Exercise details:
Please copy each line of the records below that holds the word "years".

Data records:
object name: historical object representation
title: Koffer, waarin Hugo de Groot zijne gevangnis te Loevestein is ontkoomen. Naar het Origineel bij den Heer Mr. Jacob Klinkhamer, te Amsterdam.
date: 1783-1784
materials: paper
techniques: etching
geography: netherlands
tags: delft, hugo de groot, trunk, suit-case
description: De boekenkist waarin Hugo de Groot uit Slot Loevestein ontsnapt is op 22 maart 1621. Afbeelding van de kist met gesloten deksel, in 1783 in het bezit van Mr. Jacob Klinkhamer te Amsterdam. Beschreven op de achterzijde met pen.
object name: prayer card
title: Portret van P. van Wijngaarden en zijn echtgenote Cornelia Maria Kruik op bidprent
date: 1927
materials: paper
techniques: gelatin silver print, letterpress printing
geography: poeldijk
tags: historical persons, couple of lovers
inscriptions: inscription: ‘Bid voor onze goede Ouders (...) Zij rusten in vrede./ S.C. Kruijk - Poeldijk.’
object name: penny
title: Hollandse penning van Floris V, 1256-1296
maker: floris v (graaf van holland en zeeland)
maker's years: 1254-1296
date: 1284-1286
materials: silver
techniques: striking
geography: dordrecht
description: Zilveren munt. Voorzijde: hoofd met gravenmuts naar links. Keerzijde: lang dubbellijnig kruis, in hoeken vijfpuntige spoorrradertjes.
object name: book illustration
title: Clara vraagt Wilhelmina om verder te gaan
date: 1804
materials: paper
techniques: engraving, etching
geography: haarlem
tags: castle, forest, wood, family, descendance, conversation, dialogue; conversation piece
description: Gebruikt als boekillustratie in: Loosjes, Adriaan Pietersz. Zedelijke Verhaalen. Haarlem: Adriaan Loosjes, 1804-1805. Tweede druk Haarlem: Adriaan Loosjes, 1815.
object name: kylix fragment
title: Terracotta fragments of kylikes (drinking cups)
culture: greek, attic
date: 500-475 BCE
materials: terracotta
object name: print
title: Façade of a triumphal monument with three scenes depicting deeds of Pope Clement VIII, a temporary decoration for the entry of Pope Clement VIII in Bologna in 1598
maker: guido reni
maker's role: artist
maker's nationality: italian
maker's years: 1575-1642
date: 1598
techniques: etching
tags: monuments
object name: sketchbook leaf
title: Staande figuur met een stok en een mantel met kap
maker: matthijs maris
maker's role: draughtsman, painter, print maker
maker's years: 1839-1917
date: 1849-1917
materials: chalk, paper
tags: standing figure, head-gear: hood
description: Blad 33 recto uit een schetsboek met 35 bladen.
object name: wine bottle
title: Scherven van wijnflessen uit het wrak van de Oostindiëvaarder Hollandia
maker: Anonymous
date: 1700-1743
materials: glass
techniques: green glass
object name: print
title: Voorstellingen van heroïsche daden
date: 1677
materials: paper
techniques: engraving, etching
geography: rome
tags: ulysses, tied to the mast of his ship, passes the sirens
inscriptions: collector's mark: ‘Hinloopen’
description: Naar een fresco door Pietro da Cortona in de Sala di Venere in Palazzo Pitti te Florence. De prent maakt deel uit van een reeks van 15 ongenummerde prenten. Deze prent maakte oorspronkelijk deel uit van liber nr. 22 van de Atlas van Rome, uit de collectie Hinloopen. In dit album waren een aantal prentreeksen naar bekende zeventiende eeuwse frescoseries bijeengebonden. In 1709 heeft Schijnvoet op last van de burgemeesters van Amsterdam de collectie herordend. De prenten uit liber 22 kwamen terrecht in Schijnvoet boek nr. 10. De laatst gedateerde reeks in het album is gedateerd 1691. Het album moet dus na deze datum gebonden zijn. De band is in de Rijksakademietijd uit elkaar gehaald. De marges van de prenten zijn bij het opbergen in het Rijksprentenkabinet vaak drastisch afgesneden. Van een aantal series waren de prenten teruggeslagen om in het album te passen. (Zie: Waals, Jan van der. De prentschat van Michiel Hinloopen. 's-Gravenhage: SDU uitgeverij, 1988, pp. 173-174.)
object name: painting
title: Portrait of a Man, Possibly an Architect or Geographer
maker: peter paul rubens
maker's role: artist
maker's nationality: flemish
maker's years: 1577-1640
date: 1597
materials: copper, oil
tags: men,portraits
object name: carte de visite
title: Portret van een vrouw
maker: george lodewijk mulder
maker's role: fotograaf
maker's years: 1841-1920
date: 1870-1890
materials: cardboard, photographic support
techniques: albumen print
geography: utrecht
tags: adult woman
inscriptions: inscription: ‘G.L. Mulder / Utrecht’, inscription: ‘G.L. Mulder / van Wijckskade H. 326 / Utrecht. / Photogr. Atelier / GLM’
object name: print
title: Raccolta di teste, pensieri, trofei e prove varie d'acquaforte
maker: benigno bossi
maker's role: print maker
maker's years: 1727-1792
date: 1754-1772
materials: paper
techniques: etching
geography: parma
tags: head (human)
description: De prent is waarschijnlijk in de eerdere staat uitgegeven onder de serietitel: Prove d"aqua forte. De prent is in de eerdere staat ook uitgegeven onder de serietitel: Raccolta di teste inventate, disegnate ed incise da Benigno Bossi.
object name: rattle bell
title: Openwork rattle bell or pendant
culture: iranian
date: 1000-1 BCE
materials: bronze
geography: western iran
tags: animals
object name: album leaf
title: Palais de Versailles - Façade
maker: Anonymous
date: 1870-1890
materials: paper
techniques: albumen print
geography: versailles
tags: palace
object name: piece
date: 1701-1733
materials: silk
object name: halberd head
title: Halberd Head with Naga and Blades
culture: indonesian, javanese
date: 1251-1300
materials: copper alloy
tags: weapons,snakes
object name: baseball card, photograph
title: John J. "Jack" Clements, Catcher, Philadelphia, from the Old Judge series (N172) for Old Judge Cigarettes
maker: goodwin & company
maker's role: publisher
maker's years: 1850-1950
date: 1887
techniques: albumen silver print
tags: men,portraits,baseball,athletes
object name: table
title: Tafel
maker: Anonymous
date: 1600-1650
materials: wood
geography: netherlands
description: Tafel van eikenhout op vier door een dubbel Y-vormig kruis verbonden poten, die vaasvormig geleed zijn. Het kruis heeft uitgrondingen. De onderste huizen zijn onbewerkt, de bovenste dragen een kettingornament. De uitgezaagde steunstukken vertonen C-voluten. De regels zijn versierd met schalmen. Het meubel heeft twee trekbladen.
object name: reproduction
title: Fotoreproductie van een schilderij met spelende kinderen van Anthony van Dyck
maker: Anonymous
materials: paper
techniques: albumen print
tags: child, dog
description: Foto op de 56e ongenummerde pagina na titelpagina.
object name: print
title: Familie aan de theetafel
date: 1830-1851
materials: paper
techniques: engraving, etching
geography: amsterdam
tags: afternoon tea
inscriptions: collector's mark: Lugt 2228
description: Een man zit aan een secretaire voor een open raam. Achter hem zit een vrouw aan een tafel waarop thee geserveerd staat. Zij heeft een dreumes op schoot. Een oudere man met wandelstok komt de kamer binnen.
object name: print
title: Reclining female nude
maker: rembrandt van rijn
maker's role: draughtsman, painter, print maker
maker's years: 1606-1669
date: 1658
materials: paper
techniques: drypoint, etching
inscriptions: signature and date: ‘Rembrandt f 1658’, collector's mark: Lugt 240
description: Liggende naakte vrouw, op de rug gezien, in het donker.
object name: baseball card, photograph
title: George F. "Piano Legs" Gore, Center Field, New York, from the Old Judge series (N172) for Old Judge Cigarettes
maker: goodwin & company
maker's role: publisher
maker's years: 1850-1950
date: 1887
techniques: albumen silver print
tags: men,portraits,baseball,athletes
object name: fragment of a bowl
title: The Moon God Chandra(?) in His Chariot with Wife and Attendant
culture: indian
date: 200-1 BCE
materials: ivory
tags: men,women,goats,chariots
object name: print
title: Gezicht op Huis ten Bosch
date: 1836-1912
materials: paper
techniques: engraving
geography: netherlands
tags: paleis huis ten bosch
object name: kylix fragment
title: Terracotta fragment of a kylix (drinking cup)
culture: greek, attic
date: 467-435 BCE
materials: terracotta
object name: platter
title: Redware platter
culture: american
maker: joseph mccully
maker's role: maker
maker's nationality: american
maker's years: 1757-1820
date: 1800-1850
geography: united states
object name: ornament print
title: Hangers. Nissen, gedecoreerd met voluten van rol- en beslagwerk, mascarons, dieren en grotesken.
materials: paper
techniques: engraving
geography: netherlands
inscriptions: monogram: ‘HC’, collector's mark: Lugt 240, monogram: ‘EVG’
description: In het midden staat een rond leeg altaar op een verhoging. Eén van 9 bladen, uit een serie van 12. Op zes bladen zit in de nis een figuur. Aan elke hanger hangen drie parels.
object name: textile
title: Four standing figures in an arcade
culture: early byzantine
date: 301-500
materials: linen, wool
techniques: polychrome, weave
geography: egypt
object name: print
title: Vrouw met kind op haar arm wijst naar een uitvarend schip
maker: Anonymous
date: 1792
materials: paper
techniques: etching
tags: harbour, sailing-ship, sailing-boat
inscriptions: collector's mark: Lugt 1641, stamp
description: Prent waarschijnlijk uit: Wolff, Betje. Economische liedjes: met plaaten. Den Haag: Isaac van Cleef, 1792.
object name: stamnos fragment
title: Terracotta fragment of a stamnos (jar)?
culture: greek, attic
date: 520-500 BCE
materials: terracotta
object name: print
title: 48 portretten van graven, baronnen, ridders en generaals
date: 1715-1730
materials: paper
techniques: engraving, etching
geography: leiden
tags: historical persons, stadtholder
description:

Answer below:
maker's years: 1254-1296
maker's years: 1575-1642
maker's years: 1839-1917
maker's years: 1577-1640
maker's years: 1841-1920
maker's years: 1727-1792
maker's years: 1850-1950
maker's years: 1606-1669
maker's years: 1850-1950
maker's years: 1757-1820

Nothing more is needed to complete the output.